I only get sleepless nights
Alone here in my half-empty bed
For you things seem to turn out right
I wish, they'd only happen to me instead

Marcus complains that the Ramones can't—or won't—get inside the roles they assume. In "What Do I Get?" Pete Shelley sings as if his body is surprising, maybe embarrassing, him with its admission of need and sorrow (and self-pity). Do we get this level of emotional intensity, of vulnerability wrapped up in passionate, hook-filled rock and roll in the Ramones'? Is that what they were after?

3 comments:

M_Sharp said...

I don't hear the anger in the Ramones that I hear in the Sex Pistols or Clash. Maybe that's why Marcus thinks there wasn't much conviction in their music. I understand about how the music "has to be enormous and maybe frightening in its intensity", but the Ramones just weren't that kind of band.

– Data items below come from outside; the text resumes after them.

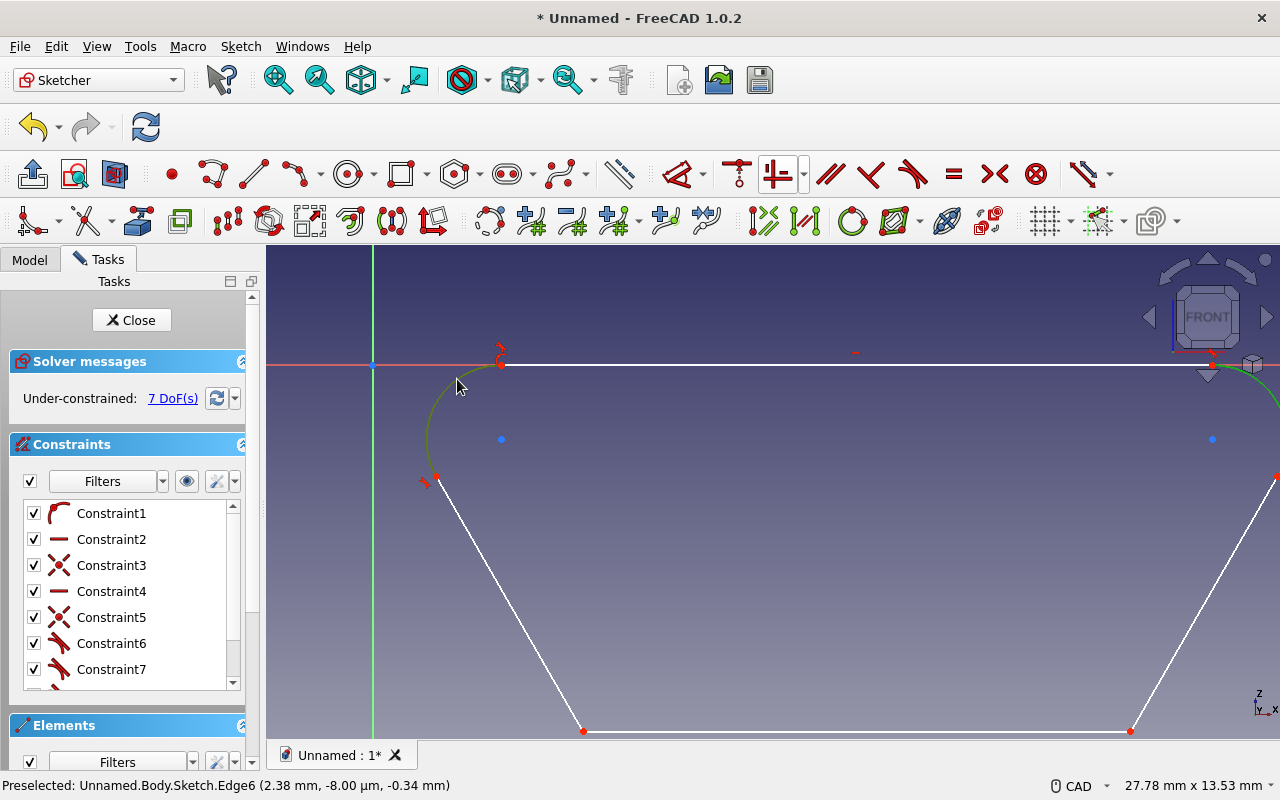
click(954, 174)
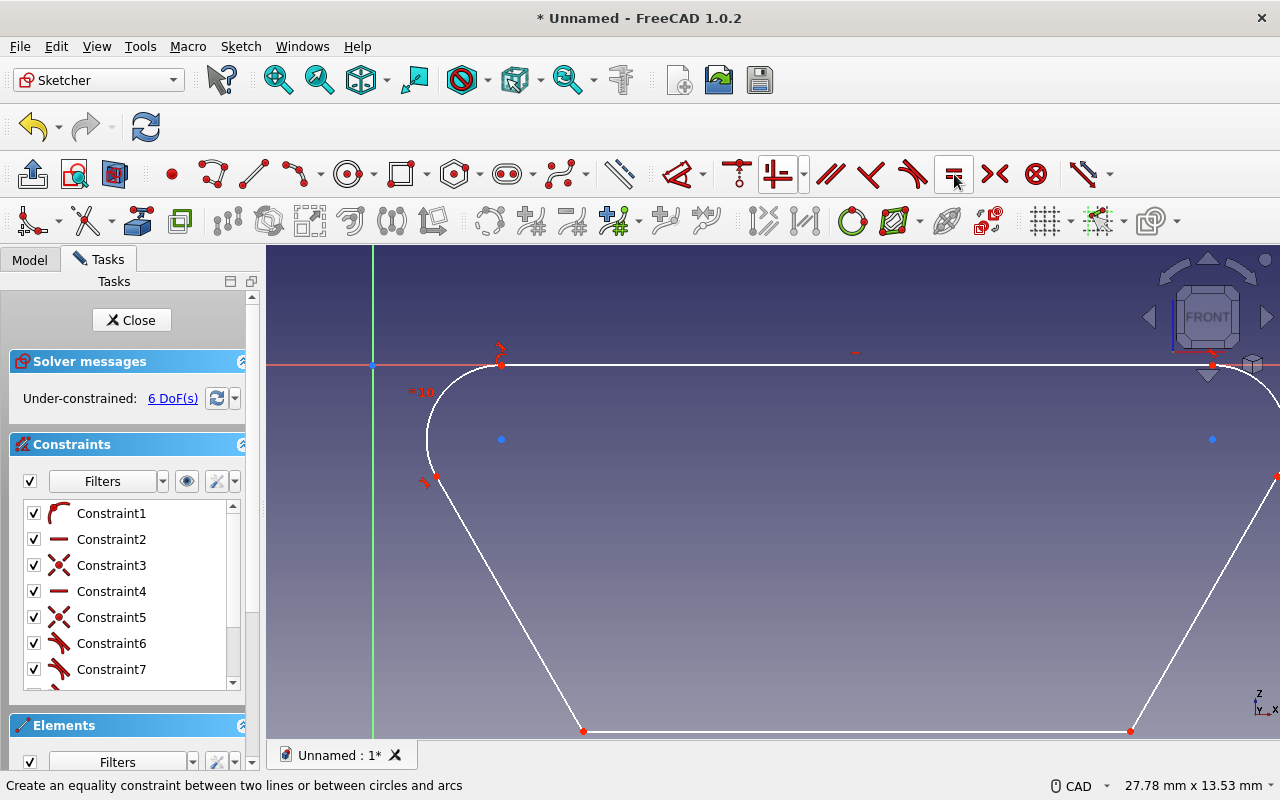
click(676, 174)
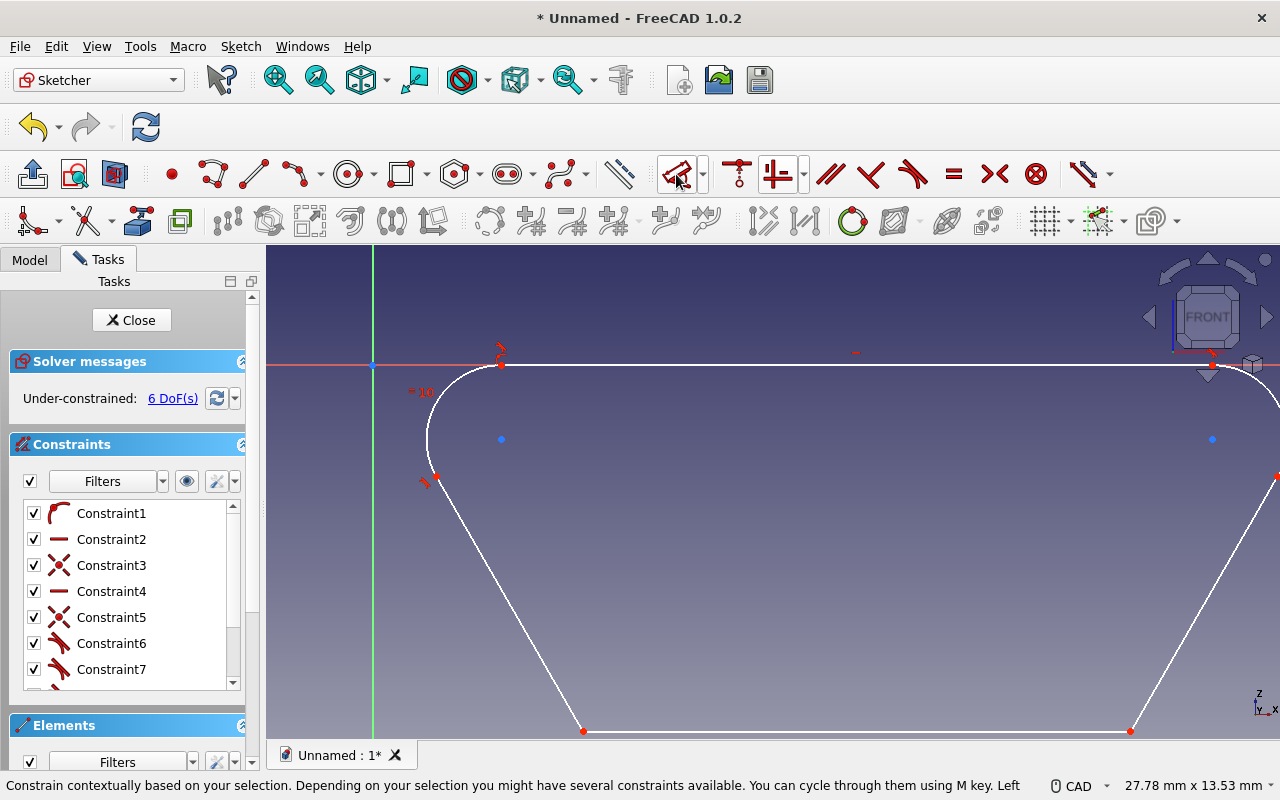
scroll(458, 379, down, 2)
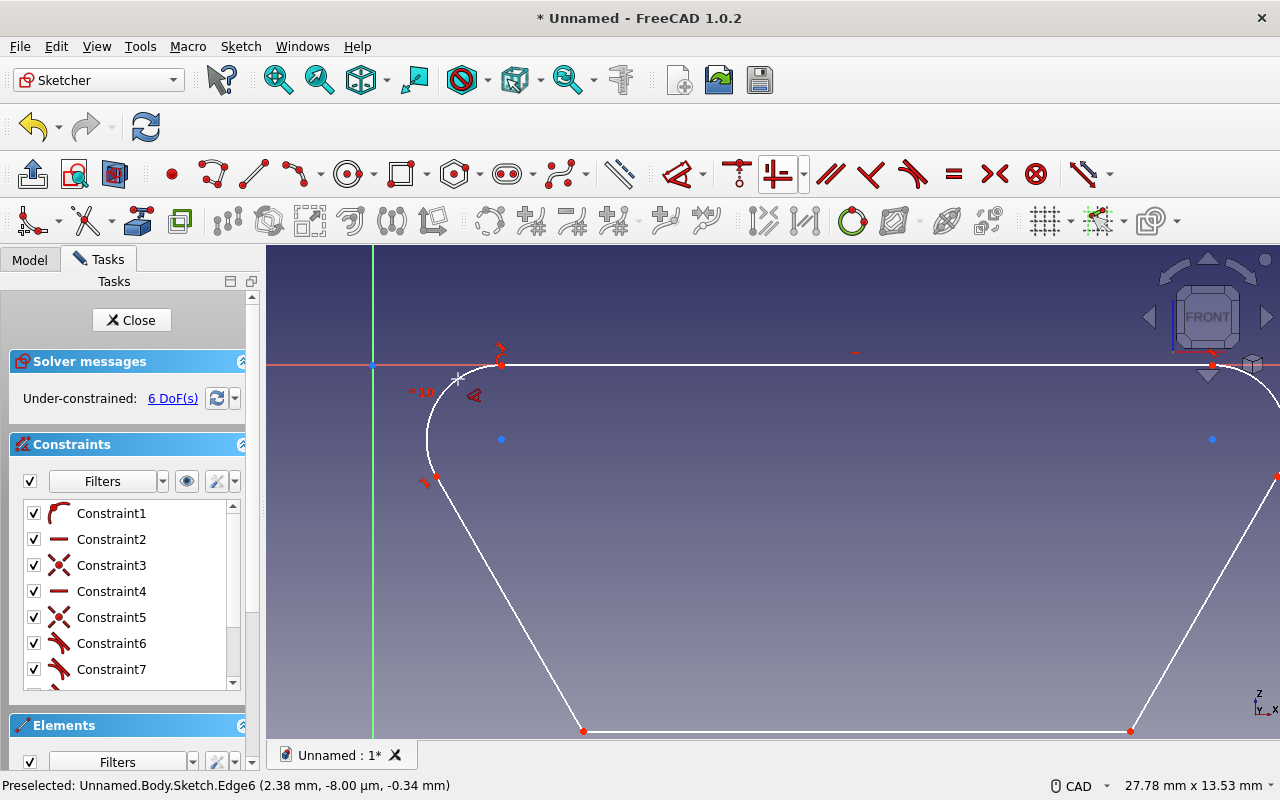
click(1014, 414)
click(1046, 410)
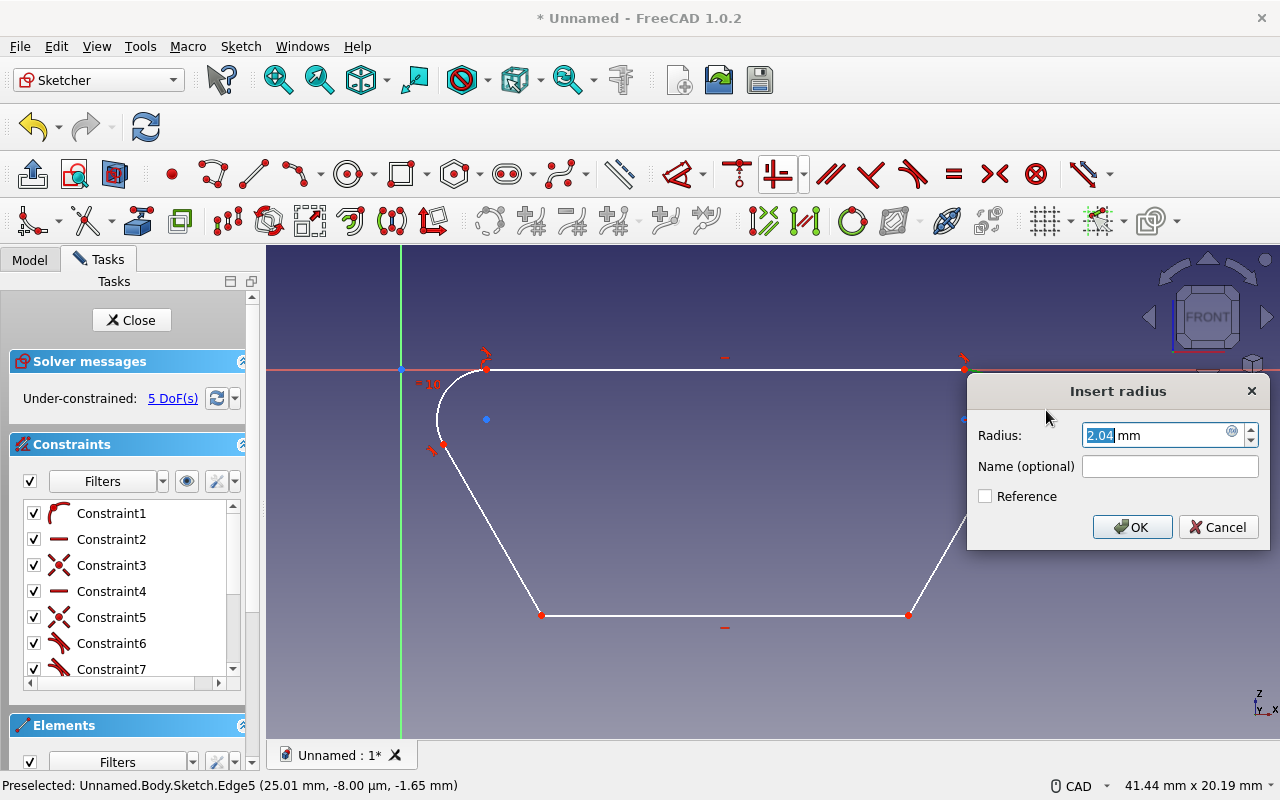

Two reasons they were great were their pop sensibility and their humor, intentional or not. I don't think that "We're A Happy Family" could ever have been sordid, Joey's laments are over the top funny, and how can you not laugh at "Daddy likes men"?

I don't hear any smugness, there's just as much conviction with their music as anyone else's. If there's anger or frustration, the humor and melody tone it down. Joey couldn't spew bile and disgust like Johnny Rotten; "Glad To See You Go" isn't all that dangerous.

If you ever had any doubts about their conviction and intensity, you should have seen them live, they never held back.

Joe Bonomo said...

No doubts here, M! I love the band, and saw them several times starting in 1984. Fantastic live band. I think that Marcus's comments about something having to be at stake in R&R are interesting, and worth discussing. As I wrote, I disagree with him about the Ramones. They weren't his band, though I often wonder if his take on the NYC 70s scene would've been different had he grown there and not N CA.

M_Sharp said...

Hi Joe-

I understand what Marcus means about something having to be at stake, I remember some of what he wrote about '68 Comeback Elvis in Mystery Train. Moments like that don't seem to come up very often, though.

I still don't get the "smug" Ramones remark.